他心里翻天似的不痛快,但蒋一行之所以是蒋一行,还在于他随时可以表现出一副事不关己的淡定模样,当窦尧甩着手上的水回来,他也只是淡淡地抬头吐出两个字:
“呵呵。”
“快睡吧,”窦尧怎么都想不到自己兢兢业业当了一天妈在此刻功亏一篑:“睡醒了就会好一些。”
“我不困。”蒋一行没阻止窦尧脱了衣服钻他被窝的举动,他感受到对方的胸膛贴在他的后背,手从腰际环上来捉他的手,气息在颈边打旋的时候有些恍惚。灯已经关了,暖气打了不高的温度,两只手交叠在一起,腿脚也靠得很紧,就像一方是另一方身体里长出来的部分。蒋一行心里堵着气,却在黑暗里察觉到他在轻轻地触摸掌心,像小羊舔舐那样轻柔。

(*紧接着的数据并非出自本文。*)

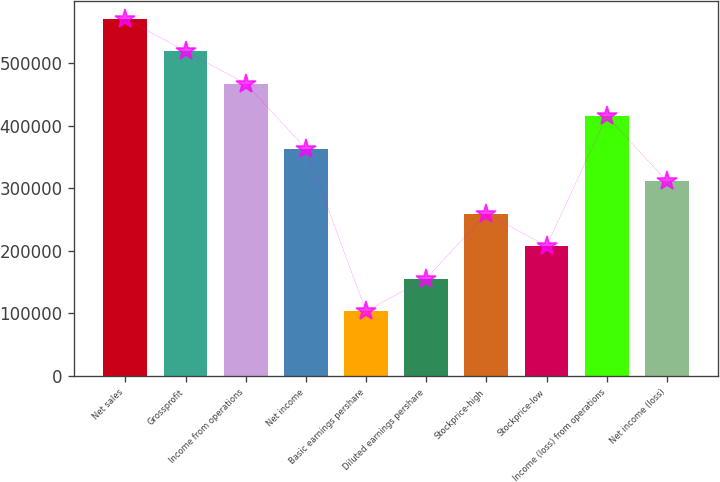<chart> <loc_0><loc_0><loc_500><loc_500><bar_chart><fcel>Net sales<fcel>Grossprofit<fcel>Income from operations<fcel>Net income<fcel>Basic earnings pershare<fcel>Diluted earnings pershare<fcel>Stockprice-high<fcel>Stockprice-low<fcel>Income (loss) from operations<fcel>Net income (loss)<nl><fcel>571258<fcel>519325<fcel>467393<fcel>363528<fcel>103865<fcel>155798<fcel>259663<fcel>207730<fcel>415460<fcel>311595<nl></chart> 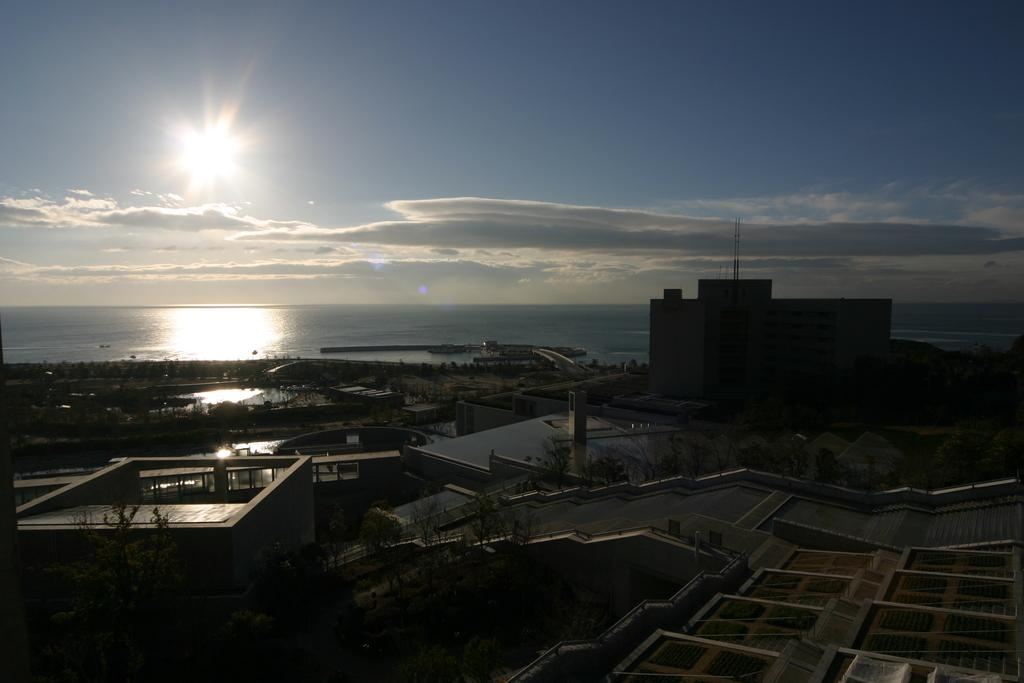What type of structures can be seen in the image? There are houses in the image. What other natural elements are present in the image? There are trees in the image. What can be seen in the distance in the image? There is water visible in the background of the image. How would you describe the weather based on the image? The sky is clear in the background of the image, suggesting good weather. What type of joke is being told by the oven in the image? There is no oven present in the image, so it is not possible to answer that question.

“不困也要睡,”窦尧把头埋在蒋一行的肩膀,说话含混不清:“乖,你身上还有点烫。”
蒋一行叹了口气,枕边的手机显示已经接近五点,窦尧照顾了他一个通宵,有什么也该看在这个份上挪到别的时候说。他回想起在医院时候喝的蜂蜜水,圆乎乎的粉色颈枕,还有此刻能够感受到的骨节分明的手,蒋一行的心都像浸了牛nai的蛋糕胚那样软下来,转了个身伸手抱住了他。
窦尧的脸比他想的要离得近,近到蒋一行不敢睁开眼,扭头的时候脸蹭到他嘴唇,动一下又碰到鼻尖,反而像是索吻。他偷偷往后退开一点,对方大概确实是困极,呼吸平稳也没有动作,蒋一行反思自己过于敏感,昏昏沉沉间也睡过去。